→ **Your instructions**
Repeat the records. Each line must match exactly.

*** Begin section ***

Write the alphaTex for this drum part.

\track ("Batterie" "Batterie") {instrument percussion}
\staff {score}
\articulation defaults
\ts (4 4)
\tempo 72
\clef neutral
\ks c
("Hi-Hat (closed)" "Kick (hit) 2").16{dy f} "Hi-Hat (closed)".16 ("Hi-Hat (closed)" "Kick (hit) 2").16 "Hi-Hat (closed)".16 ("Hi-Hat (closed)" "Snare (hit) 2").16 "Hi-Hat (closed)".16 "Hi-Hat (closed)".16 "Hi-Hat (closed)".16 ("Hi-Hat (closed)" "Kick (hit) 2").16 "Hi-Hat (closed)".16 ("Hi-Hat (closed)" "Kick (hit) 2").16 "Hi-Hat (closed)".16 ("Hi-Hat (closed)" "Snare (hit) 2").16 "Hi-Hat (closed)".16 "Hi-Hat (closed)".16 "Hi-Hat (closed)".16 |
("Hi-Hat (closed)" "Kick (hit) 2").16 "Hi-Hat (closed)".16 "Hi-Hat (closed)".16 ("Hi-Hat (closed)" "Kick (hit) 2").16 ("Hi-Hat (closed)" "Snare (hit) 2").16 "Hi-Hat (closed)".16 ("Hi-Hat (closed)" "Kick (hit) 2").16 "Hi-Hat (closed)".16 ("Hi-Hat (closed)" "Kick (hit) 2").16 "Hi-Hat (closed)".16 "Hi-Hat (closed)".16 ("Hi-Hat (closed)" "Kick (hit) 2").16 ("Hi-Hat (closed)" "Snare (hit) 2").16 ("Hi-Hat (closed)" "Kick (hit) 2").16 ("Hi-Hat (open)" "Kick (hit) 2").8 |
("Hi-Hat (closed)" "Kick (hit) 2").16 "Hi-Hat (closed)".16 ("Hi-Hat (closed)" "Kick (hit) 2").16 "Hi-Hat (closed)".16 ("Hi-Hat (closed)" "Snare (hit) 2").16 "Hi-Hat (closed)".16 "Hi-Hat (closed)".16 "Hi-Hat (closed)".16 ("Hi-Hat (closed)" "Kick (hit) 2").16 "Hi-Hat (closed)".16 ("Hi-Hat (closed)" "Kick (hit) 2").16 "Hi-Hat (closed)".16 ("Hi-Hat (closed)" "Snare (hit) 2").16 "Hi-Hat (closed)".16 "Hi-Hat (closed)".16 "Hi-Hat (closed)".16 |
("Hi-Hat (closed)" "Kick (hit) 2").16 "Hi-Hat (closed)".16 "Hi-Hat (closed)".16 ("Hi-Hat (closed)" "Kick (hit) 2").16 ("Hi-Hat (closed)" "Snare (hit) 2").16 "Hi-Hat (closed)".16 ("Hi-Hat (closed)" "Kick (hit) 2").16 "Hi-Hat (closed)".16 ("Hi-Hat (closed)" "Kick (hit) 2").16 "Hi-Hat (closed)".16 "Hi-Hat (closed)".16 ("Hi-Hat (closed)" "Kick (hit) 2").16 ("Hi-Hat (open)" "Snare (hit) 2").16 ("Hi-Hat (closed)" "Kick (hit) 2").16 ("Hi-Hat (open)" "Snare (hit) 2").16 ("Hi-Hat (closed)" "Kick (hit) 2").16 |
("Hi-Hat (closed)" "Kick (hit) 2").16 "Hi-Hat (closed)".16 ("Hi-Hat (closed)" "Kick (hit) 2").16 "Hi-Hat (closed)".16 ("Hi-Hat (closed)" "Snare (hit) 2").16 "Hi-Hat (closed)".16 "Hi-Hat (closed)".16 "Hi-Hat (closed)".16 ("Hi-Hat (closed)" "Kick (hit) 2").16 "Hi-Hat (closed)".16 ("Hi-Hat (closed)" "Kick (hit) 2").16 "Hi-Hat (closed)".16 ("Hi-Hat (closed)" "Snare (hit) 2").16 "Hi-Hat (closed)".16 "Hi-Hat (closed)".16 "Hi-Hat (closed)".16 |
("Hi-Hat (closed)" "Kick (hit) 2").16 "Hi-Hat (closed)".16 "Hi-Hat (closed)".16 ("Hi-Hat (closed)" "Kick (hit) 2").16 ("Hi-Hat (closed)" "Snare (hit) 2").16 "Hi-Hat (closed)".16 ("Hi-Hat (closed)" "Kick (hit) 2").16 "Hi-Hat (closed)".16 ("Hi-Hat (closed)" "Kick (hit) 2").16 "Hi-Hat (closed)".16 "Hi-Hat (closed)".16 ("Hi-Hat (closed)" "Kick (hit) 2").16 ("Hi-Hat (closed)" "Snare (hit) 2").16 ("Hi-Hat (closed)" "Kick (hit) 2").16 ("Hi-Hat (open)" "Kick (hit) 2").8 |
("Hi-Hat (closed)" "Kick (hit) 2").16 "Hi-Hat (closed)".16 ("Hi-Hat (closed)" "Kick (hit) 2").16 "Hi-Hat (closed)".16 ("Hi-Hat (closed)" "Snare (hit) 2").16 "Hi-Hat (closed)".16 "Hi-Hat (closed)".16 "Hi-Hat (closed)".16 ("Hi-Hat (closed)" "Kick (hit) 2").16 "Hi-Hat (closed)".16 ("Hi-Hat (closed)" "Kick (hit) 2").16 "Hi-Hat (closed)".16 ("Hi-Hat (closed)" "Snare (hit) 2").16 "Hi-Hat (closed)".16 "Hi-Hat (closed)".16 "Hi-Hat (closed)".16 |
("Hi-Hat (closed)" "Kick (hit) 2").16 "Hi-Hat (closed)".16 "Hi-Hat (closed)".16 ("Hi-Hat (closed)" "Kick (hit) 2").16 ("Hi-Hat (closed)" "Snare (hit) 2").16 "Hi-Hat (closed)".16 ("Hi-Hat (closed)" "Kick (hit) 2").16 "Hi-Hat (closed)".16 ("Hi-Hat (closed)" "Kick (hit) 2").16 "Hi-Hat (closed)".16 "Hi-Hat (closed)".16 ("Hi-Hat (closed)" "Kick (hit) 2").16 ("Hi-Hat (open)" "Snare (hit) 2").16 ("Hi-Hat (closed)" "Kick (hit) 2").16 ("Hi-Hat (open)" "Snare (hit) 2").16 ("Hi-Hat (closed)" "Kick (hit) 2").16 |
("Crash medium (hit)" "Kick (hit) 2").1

*** End section ***

→ **Answer space**
Write the alphaTex for this drum part.

\track ("Batterie" "Batterie") {instrument percussion}
\staff {score}
\articulation defaults
\ts (4 4)
\tempo 72
\clef neutral
\ks c
("Hi-Hat (closed)" "Kick (hit) 2").16{dy f} "Hi-Hat (closed)".16 ("Hi-Hat (closed)" "Kick (hit) 2").16 "Hi-Hat (closed)".16 ("Hi-Hat (closed)" "Snare (hit) 2").16 "Hi-Hat (closed)".16 "Hi-Hat (closed)".16 "Hi-Hat (closed)".16 ("Hi-Hat (closed)" "Kick (hit) 2").16 "Hi-Hat (closed)".16 ("Hi-Hat (closed)" "Kick (hit) 2").16 "Hi-Hat (closed)".16 ("Hi-Hat (closed)" "Snare (hit) 2").16 "Hi-Hat (closed)".16 "Hi-Hat (closed)".16 "Hi-Hat (closed)".16 |
("Hi-Hat (closed)" "Kick (hit) 2").16 "Hi-Hat (closed)".16 "Hi-Hat (closed)".16 ("Hi-Hat (closed)" "Kick (hit) 2").16 ("Hi-Hat (closed)" "Snare (hit) 2").16 "Hi-Hat (closed)".16 ("Hi-Hat (closed)" "Kick (hit) 2").16 "Hi-Hat (closed)".16 ("Hi-Hat (closed)" "Kick (hit) 2").16 "Hi-Hat (closed)".16 "Hi-Hat (closed)".16 ("Hi-Hat (closed)" "Kick (hit) 2").16 ("Hi-Hat (closed)" "Snare (hit) 2").16 ("Hi-Hat (closed)" "Kick (hit) 2").16 ("Hi-Hat (open)" "Kick (hit) 2").8 |
("Hi-Hat (closed)" "Kick (hit) 2").16 "Hi-Hat (closed)".16 ("Hi-Hat (closed)" "Kick (hit) 2").16 "Hi-Hat (closed)".16 ("Hi-Hat (closed)" "Snare (hit) 2").16 "Hi-Hat (closed)".16 "Hi-Hat (closed)".16 "Hi-Hat (closed)".16 ("Hi-Hat (closed)" "Kick (hit) 2").16 "Hi-Hat (closed)".16 ("Hi-Hat (closed)" "Kick (hit) 2").16 "Hi-Hat (closed)".16 ("Hi-Hat (closed)" "Snare (hit) 2").16 "Hi-Hat (closed)".16 "Hi-Hat (closed)".16 "Hi-Hat (closed)".16 |
("Hi-Hat (closed)" "Kick (hit) 2").16 "Hi-Hat (closed)".16 "Hi-Hat (closed)".16 ("Hi-Hat (closed)" "Kick (hit) 2").16 ("Hi-Hat (closed)" "Snare (hit) 2").16 "Hi-Hat (closed)".16 ("Hi-Hat (closed)" "Kick (hit) 2").16 "Hi-Hat (closed)".16 ("Hi-Hat (closed)" "Kick (hit) 2").16 "Hi-Hat (closed)".16 "Hi-Hat (closed)".16 ("Hi-Hat (closed)" "Kick (hit) 2").16 ("Hi-Hat (open)" "Snare (hit) 2").16 ("Hi-Hat (closed)" "Kick (hit) 2").16 ("Hi-Hat (open)" "Snare (hit) 2").16 ("Hi-Hat (closed)" "Kick (hit) 2").16 |
("Hi-Hat (closed)" "Kick (hit) 2").16 "Hi-Hat (closed)".16 ("Hi-Hat (closed)" "Kick (hit) 2").16 "Hi-Hat (closed)".16 ("Hi-Hat (closed)" "Snare (hit) 2").16 "Hi-Hat (closed)".16 "Hi-Hat (closed)".16 "Hi-Hat (closed)".16 ("Hi-Hat (closed)" "Kick (hit) 2").16 "Hi-Hat (closed)".16 ("Hi-Hat (closed)" "Kick (hit) 2").16 "Hi-Hat (closed)".16 ("Hi-Hat (closed)" "Snare (hit) 2").16 "Hi-Hat (closed)".16 "Hi-Hat (closed)".16 "Hi-Hat (closed)".16 |
("Hi-Hat (closed)" "Kick (hit) 2").16 "Hi-Hat (closed)".16 "Hi-Hat (closed)".16 ("Hi-Hat (closed)" "Kick (hit) 2").16 ("Hi-Hat (closed)" "Snare (hit) 2").16 "Hi-Hat (closed)".16 ("Hi-Hat (closed)" "Kick (hit) 2").16 "Hi-Hat (closed)".16 ("Hi-Hat (closed)" "Kick (hit) 2").16 "Hi-Hat (closed)".16 "Hi-Hat (closed)".16 ("Hi-Hat (closed)" "Kick (hit) 2").16 ("Hi-Hat (closed)" "Snare (hit) 2").16 ("Hi-Hat (closed)" "Kick (hit) 2").16 ("Hi-Hat (open)" "Kick (hit) 2").8 |
("Hi-Hat (closed)" "Kick (hit) 2").16 "Hi-Hat (closed)".16 ("Hi-Hat (closed)" "Kick (hit) 2").16 "Hi-Hat (closed)".16 ("Hi-Hat (closed)" "Snare (hit) 2").16 "Hi-Hat (closed)".16 "Hi-Hat (closed)".16 "Hi-Hat (closed)".16 ("Hi-Hat (closed)" "Kick (hit) 2").16 "Hi-Hat (closed)".16 ("Hi-Hat (closed)" "Kick (hit) 2").16 "Hi-Hat (closed)".16 ("Hi-Hat (closed)" "Snare (hit) 2").16 "Hi-Hat (closed)".16 "Hi-Hat (closed)".16 "Hi-Hat (closed)".16 |
("Hi-Hat (closed)" "Kick (hit) 2").16 "Hi-Hat (closed)".16 "Hi-Hat (closed)".16 ("Hi-Hat (closed)" "Kick (hit) 2").16 ("Hi-Hat (closed)" "Snare (hit) 2").16 "Hi-Hat (closed)".16 ("Hi-Hat (closed)" "Kick (hit) 2").16 "Hi-Hat (closed)".16 ("Hi-Hat (closed)" "Kick (hit) 2").16 "Hi-Hat (closed)".16 "Hi-Hat (closed)".16 ("Hi-Hat (closed)" "Kick (hit) 2").16 ("Hi-Hat (open)" "Snare (hit) 2").16 ("Hi-Hat (closed)" "Kick (hit) 2").16 ("Hi-Hat (open)" "Snare (hit) 2").16 ("Hi-Hat (closed)" "Kick (hit) 2").16 |
("Crash medium (hit)" "Kick (hit) 2").1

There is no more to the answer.